In these studies, the involvement of people in coastal planning takes place in a variety of contexts – from structured and facilitated deliberative events involving local people in formal ‘stakeholder’ capacities, to citizens’ interests largely being represented in decision-making fora via local elected representatives, to more ‘hands-off’ involvement such as attending public exhibitions. O’Riordan et al[3] and Milligan et al[4] explore the potential of participatory approaches[5] to involving local people in the setting of coastal policy, and report improved  relationships and greater understanding between the various parties involved.  Milligan et al suggest potential for finding a successful common vision for the Winterton-on-Sea case study area (p.211), whilst O’Riordan et al report a willingness by participants in their North Norfolk study to engage in debate, with a raised awareness of the issues emerging alongside the bringing together of various facets of coastal management. (p.12)  It’s good, of course, to sing from the same hymn sheet.

Conflicting objectives

However, this is contradicted by findings that locating common ground between actors is a problem - Milligan et al find that that local and official cultures are neither aligned nor likely to be in the future, with one problem lying in the limits to what people are able to understand (p.210)[6]  Difficulties are also presented by the need to balance the sometimes conflicting objectives of a wide mix of stakeholders (Milligan et al, 2009; p.211). O’Riordan et al point to the importance, on one hand, that participants’ expectations of the degree of influence on decisions should be managed and, on the other, their desire to have ownership of the outcomes – a tension possibly exacerbated by concerns that agencies and authorities are unwilling to give up power to negotiated results (p.24-25). It is perhaps telling that the researchers identify the very need for public acceptability as a blockage to the effective delivery of managed realignment schemes (p.23)[7].  
Whereas O’Riordan et al and Milligan et al explore participatory approaches to decision making in this context, Fletcher[8] looks at coastal partnerships which employ a different approach. Whilst such arrangements have the potential for local people to participate, the orthodoxy instead appears to be one whereby communities find voice on decision-making bodies via local elected representatives[9]. This study, which explores relationships between the various stakeholder representatives in the relevant decision-making bodies and their constituencies and the making of decisions/setting of policies through partnerships, points to various issues with the ways in which the interests of coastal communities are understood, the motivations of those who represent them, and how power imbalances come to influence the making of decisions and policies.

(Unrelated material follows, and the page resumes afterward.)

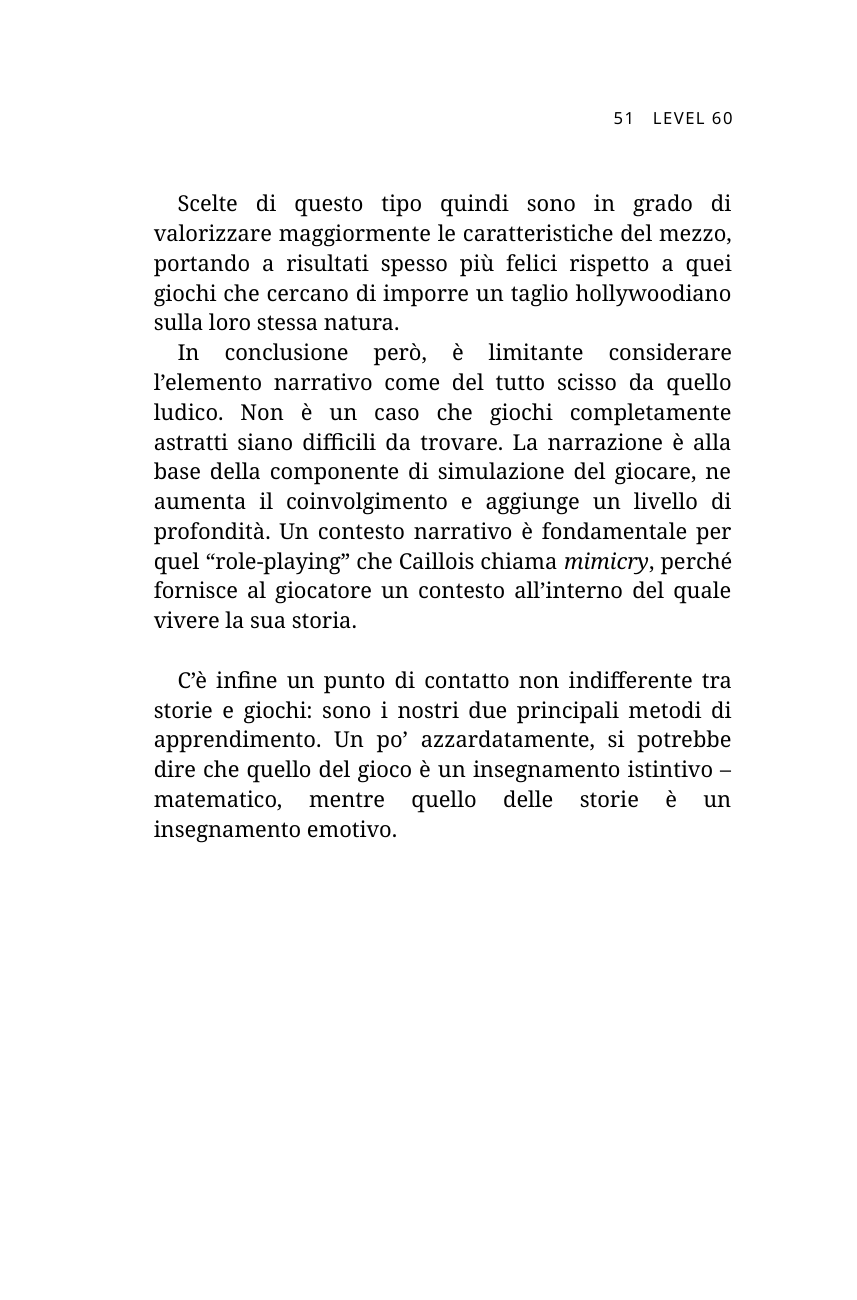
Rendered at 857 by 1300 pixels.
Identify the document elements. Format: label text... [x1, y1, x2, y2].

text C’è infine un punto di contatto non indifferente tra storie e giochi: sono i nostri due principali metodi di apprendimento. Un po’ azzardatamente, si potrebbe dire che quello del gioco è un insegnamento istintivo – matematico, mentre quello delle storie è un insegnamento emotivo. [153, 665, 732, 844]
text In conclusione però, è limitante considerare l’elemento narrativo come del tutto scisso da quello ludico. Non è un caso che giochi completamente astratti siano difficili da trovare. La narrazione è alla base della componente di simulazione del giocare, ne aumenta il coinvolgimento e aggiunge un livello di profondità. Un contesto narrativo è fondamentale per quel “role-playing” che Caillois chiama mimicry, perché fornisce al giocatore un contesto all’interno del quale vivere la sua storia. [153, 337, 732, 635]
text Scelte di questo tipo quindi sono in grado di valorizzare maggiormente le caratteristiche del mezzo, portando a risultati spesso più felici rispetto a quei giochi che cercano di imporre un taglio hollywoodiano sulla loro stessa natura. [153, 188, 732, 337]

Many stakeholders in Fletcher’s study reported limited enthusiasm for their role and its value (it is unclear whether this includes those representing the public interest), with very few operating within a formal system to identify any misrepresentation. Interestingly, Fletcher reports that those participants representing the public interest “had no direct method of seeking the views of the public except for informal ad hoc routes” (p.618).[10]  This, we must assume, is likely to raise the bar for local interests seeking to be exert influence in such fora.
Doubts were expressed concerning the robustness of decision-making processes, with opportunities to influence agendas perceived as poor and concern expressed over how contributions were received from the wider community of stakeholders. In each of the partnerships studied, a degree of inequality of influence over decision-making was perceived by respondents, with funding, chairing and hosting of partnerships all seen as important in this regard. 
The studies hint at issues that arise from the literature on coastal change regarding the ability of local people to influence state-led efforts to make related policy  – whether that should be as a consequence of a reluctance on the part of authority to submit their interests to negotiated outcomes, the effectiveness of elected representatives, the power that various actors are able to bring to bear on making decisions and setting policy, or irreconcilable expectations of local influence on decisions.[11] Of course, this is based on a very small number of studies with diffuse objectives, and so any conclusions must be tentative. However, it is worth saying that they chime broadly with findings from a recent and significant piece of work.  In 2009 the Joseph Rowntree Foundation published a round-up of findings drawn largely from its Government and Public Services research programme, which explored “the experiences and perceptions of communities, councillors and public officials involved in a range of governance processes.”[12] (p.2)  As with the literature on coastal policy, conclusions suggested “conflicting views about how far communities and citizens can exercise substantial influence over decisions about public services” (p.3) – whilst community respondents expressed positive feelings about the potential benefits of engaging, there was also frustration about the barriers that limited their involvement. 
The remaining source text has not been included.